Passei o dia trabalhando nos flangeamentos dos canos de cobre e fazendo as adaptações para as conexões. Consegui terminar uma hora antes do retorno da vistoria dos Bombeiros, perto das 16h. Mostrei que estava tudo funcionando e me dispus a ir embora, alegando que estava com fome por não ter almoçado.
Temendo que ainda poderia precisar da minha intervenção diante algum problema identificado pela fiscalização, Milton me pediu para ficar até a liberação do Alvará, que seria às 17h. Felizmente, os Bombeiros vieram e não encontraram nada de anormal. Com a autorização nas mãos, ele mandou acender os fogões para aquecer a água que mantinha os pães e os demais ingredientes na temperatura e umidade corretas.

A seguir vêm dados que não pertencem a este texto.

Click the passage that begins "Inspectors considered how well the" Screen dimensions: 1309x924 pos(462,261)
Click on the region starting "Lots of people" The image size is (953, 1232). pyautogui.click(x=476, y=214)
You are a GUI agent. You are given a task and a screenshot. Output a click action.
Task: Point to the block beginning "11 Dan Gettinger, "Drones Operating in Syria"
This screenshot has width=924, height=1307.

Alguns minutos depois, orientou os seus funcionários a produzirem o primeiro Passaporte. Saiu um de galinha, que me foi entregue como prêmio por ter esperado até aquela hora sem almoçar. Gostei tanto que voltei dias e anos seguidos a frequentar o Passaporte Gaúcho na Av. da Paz. Aliás, faço isso até os dias atuais, sempre optando pelo de galinha, sem salsicha.

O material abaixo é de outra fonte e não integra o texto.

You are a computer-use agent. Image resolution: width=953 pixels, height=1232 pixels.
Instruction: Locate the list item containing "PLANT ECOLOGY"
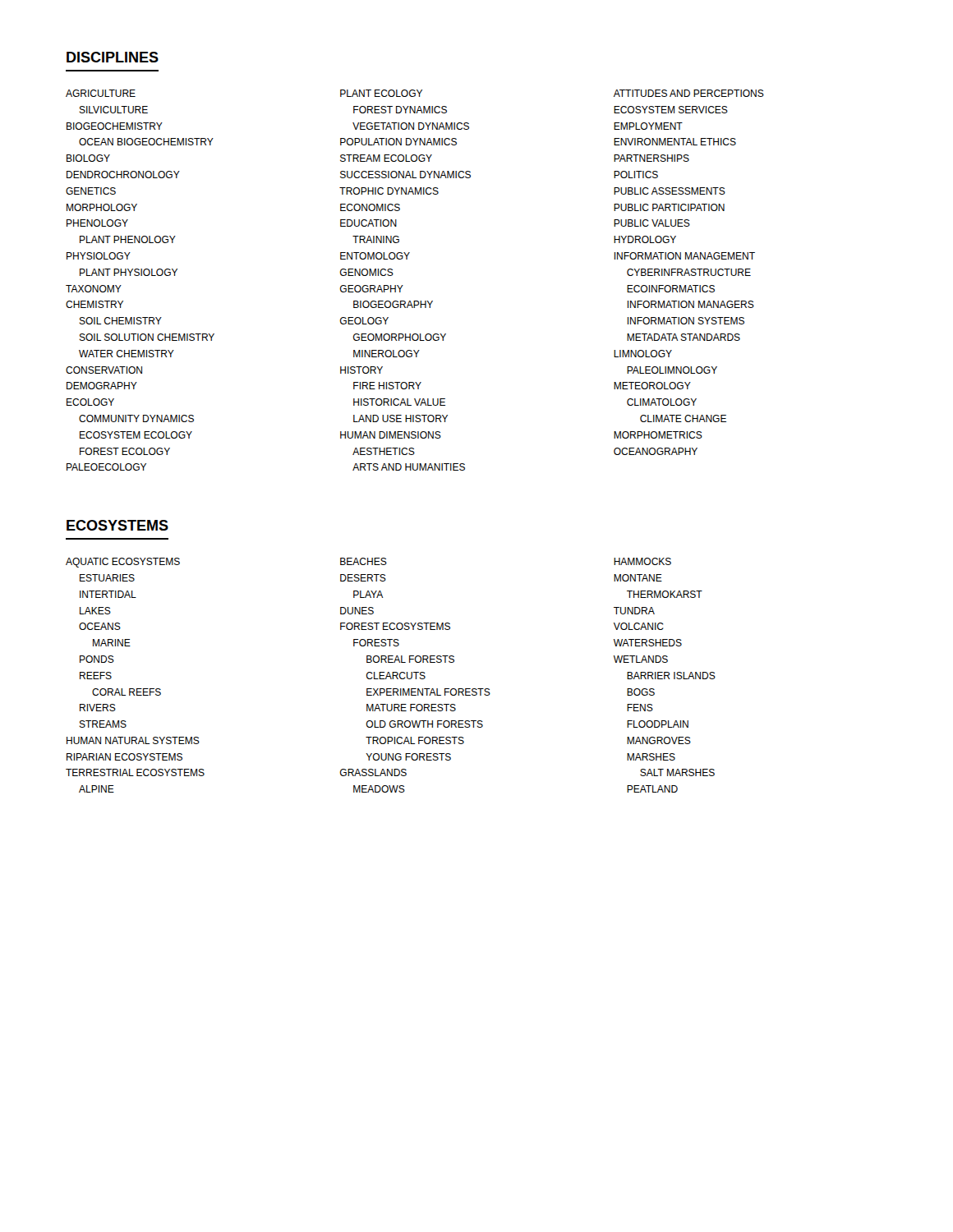coord(381,94)
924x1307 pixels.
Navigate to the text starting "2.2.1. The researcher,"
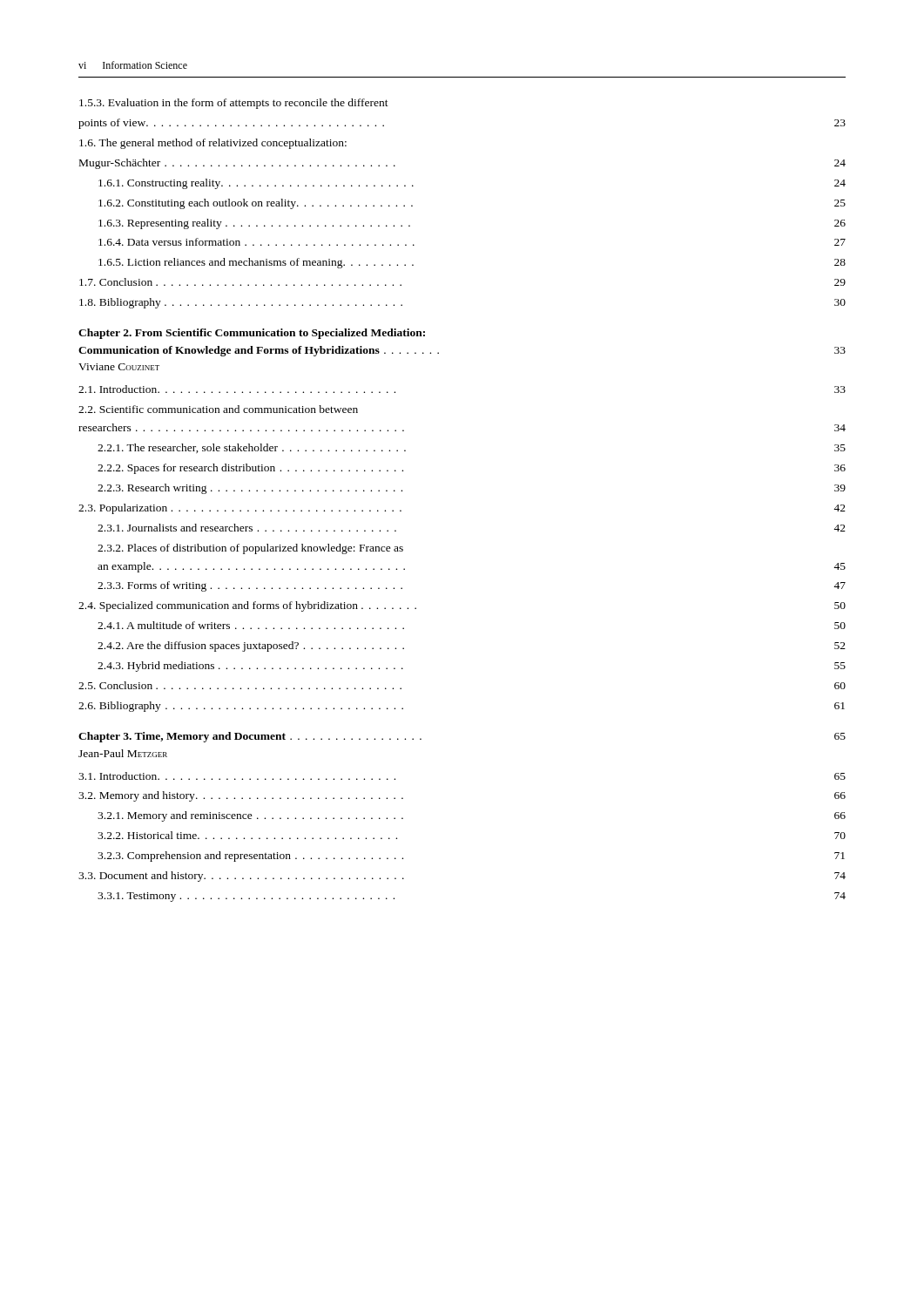[185, 448]
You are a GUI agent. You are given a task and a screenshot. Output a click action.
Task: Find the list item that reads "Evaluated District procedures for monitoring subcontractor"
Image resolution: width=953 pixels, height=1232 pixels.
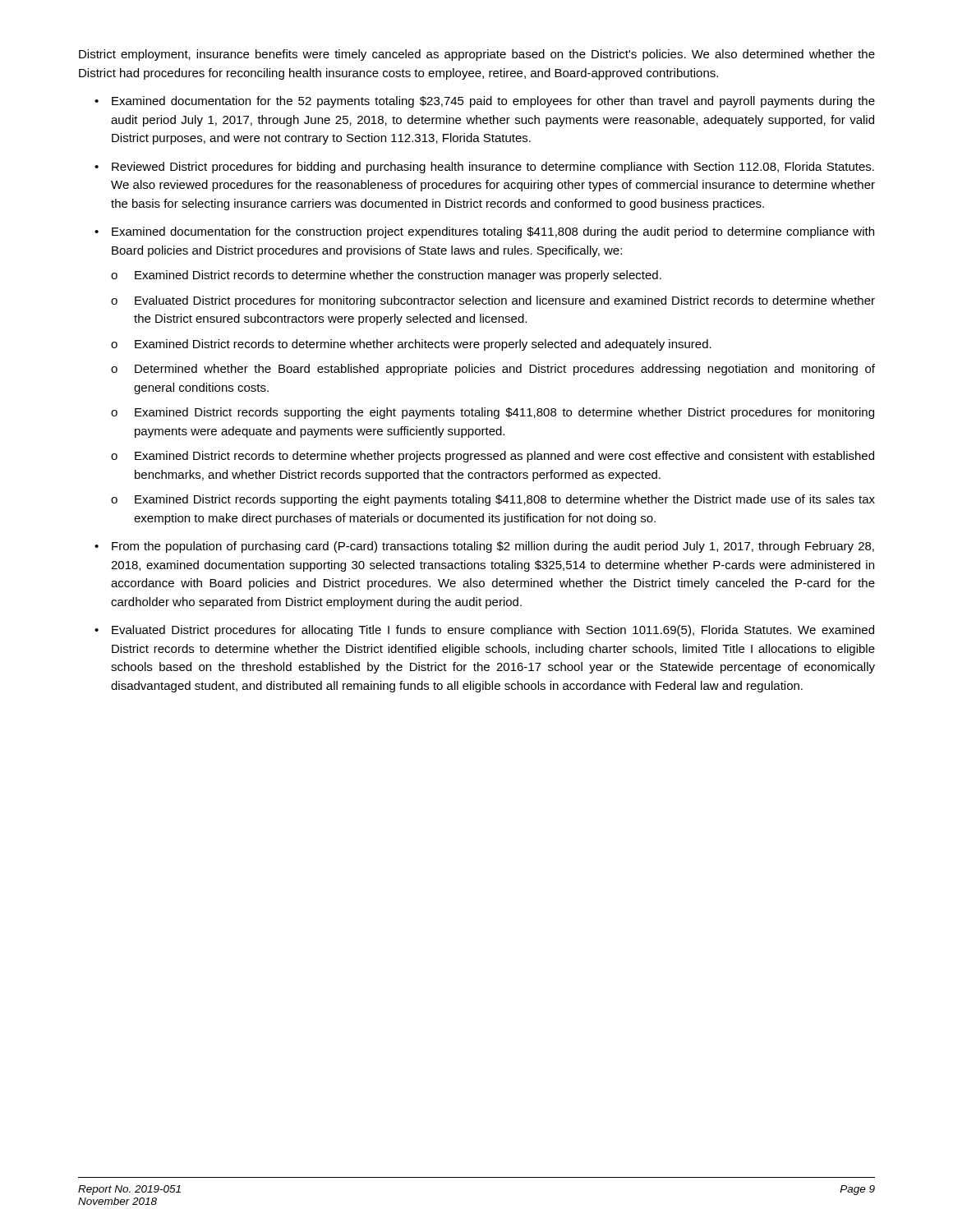point(504,309)
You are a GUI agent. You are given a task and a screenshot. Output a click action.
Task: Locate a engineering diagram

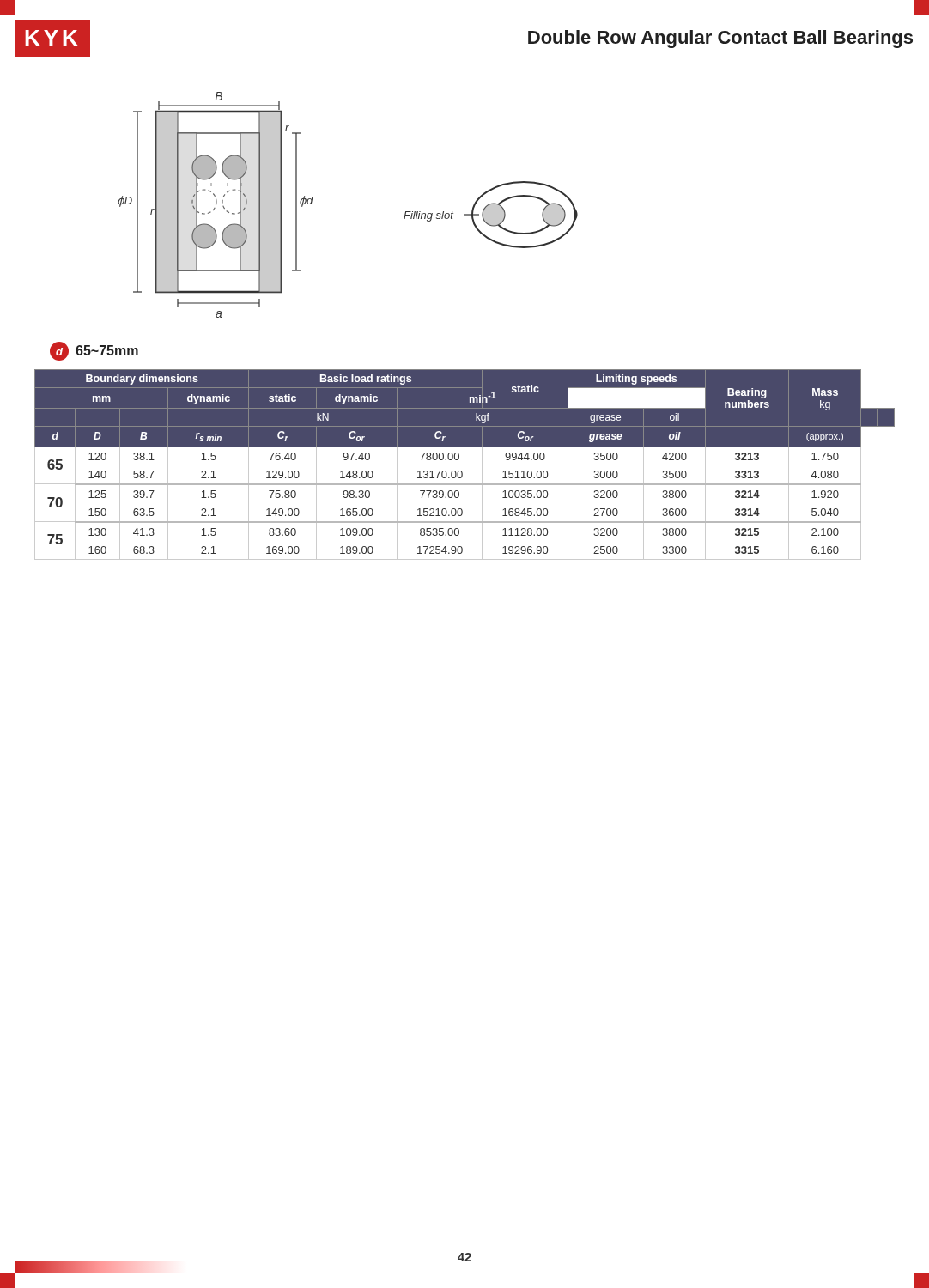click(x=464, y=202)

Em poucos dias já era considerado o melhor sanduíche da cidade. E era mesmo. Quem, como eu, comeu o Cachorro-quente do Lira na Praça da Faculdade e o do Torreirinho na porta do Cine Lux, ficava surpreso com os sabores do Passaporte Gaúcho.
O Passaporte do Zé
Quem morava em Maceió e estava acostumado a lanchar o cachorro-quente tradicional da cidade, logo teve que se acostumar com o novo sanduíche, com um nome muito diferente: Passaporte.

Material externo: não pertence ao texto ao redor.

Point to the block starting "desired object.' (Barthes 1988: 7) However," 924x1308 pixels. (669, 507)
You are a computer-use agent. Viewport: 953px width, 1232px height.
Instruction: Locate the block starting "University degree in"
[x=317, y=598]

O que tinha a ver um documento obrigatório para viagens internacionais com comida? Qual teria sido a fonte de inspiração para Milton Braun? Para mim, esse mistério perdurou por décadas. Só recentemente, quando tive que demonstrar que uma foto de um trailer com o nome “Passaporte“ não era o de Alagoas, terminei por descobrir onde surgiu a famosa denominação.
Em 1959, na cidade de Porto Alegre, José Ribeiro Faillace era garçom do Bar do Fedor, na Osvaldo Aranha. No início do ano seguinte, resolveu vender cachorro-quente num reboque instalado na Praça da Redenção. Ficava aberto até o sol raiar e sua principal freguesia na madrugada era de boêmios e frequentadores dos bailes.
Foi um sucesso. O mais pedido dos cachorros-quentes era um fortemente apimentado, que logo recebeu o nome de “Passaporte para o Inferno”. E o Zé passou a ser o Zé do Passaporte. Foi daí que Milton Braun retirou o nome para o seu negócio e dos seus sanduíches em Maceió.
O amigo Raul Osório Cleto, que estudou em Porto Alegre no Colégio Militar, situado em frente ao Zé do Passaporte, confirmou essa história numa recente postagem em seu perfil no Facebook. Ele revelou que conversando com o Milton e dizendo que conhecia o Zé do Passaporte em Porto Alegre, ouviu dele a confirmação da origem do nome.
Zé do Passaporte faleceu em 1994, mas o seu empreendimento continua vivo no Rio Grande do Sul.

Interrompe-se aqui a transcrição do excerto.